Su mirada se pierde, como si hiciera un recuento mental de esas “otras cosas”. Federico Ghazarossian parece ser, finalmente, un bohemio irredento en la búsqueda eterna. “Desde la época de Don Cornelio que estoy de aquí para allá… ¿Quién no está en la búsqueda?”, pregunta.

Siempre se habló del regreso de Don Cornelio… ¿Qué opinás?
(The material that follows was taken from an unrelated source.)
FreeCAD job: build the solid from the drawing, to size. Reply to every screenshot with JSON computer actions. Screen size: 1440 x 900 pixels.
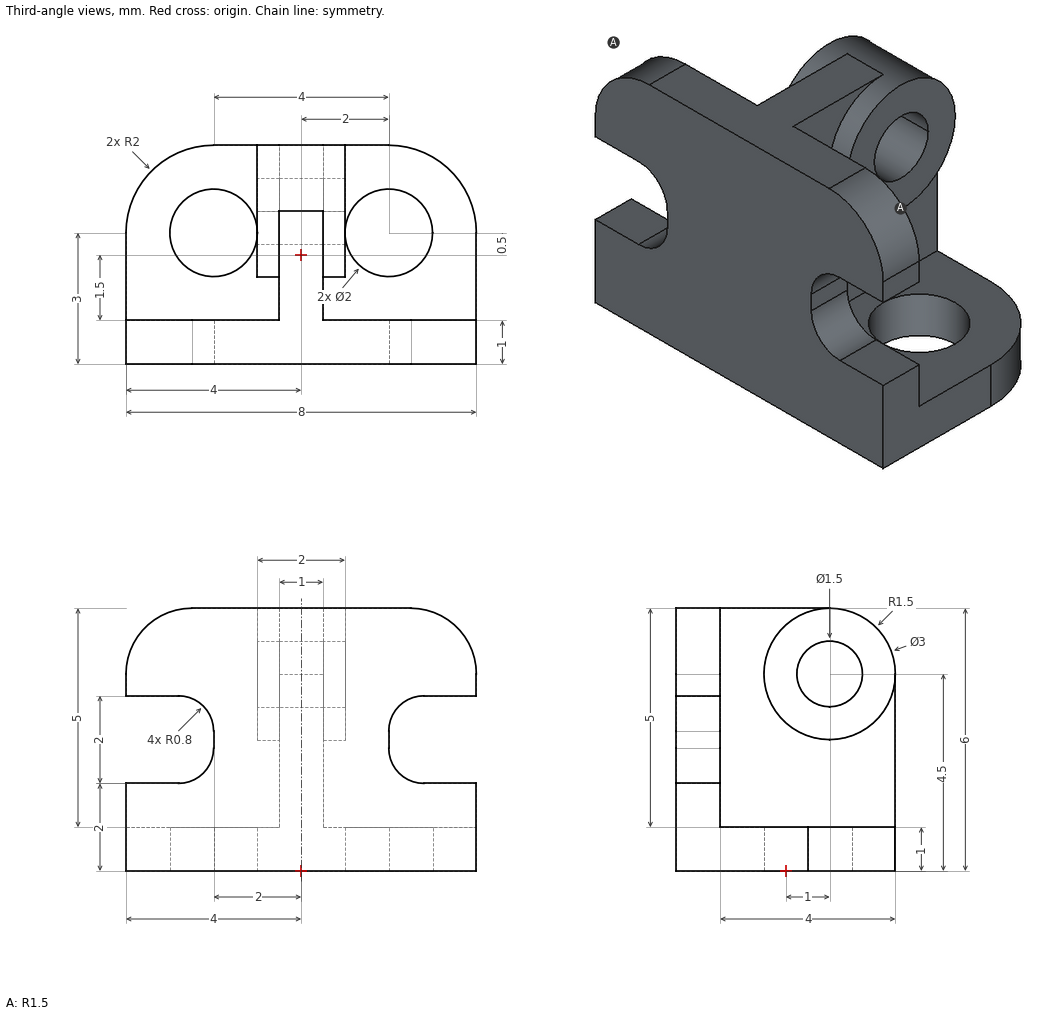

-Hubo tres intentos. Y terminó siempre mal… Nos peleamos ya desde el momento de la confección de la lista de temas. No hay caso, loco, no fluye. Y cuando no fluye, no hay con qué darle. No me parece bueno volver. Tal vez soy demasiado idealista. La gente nos pide que regresemos, eh. A cada paso, desde siempre. Pero ¿para qué? Es otra época, somos otros, cambiamos. No querría lucrar con algo tan importante. Sería manchar una historia que ya fue. Lo haría, quizás gratis. Pero tampoco.

¿Imposible?

-Imposible. No da. Por suerte existe Acorazado, la música, los amigos. Donco es el ayer, Potemkin el presente. Y si proyecto hacia el futuro, lo que veo es una casita en el medio de la nada, bien lejos de Buenos Aires, bien lejos de esta locura, leyendo, escribiendo, metido en el viaje de la música, con mis bajos y contrabajos. No creo necesitar mucho más.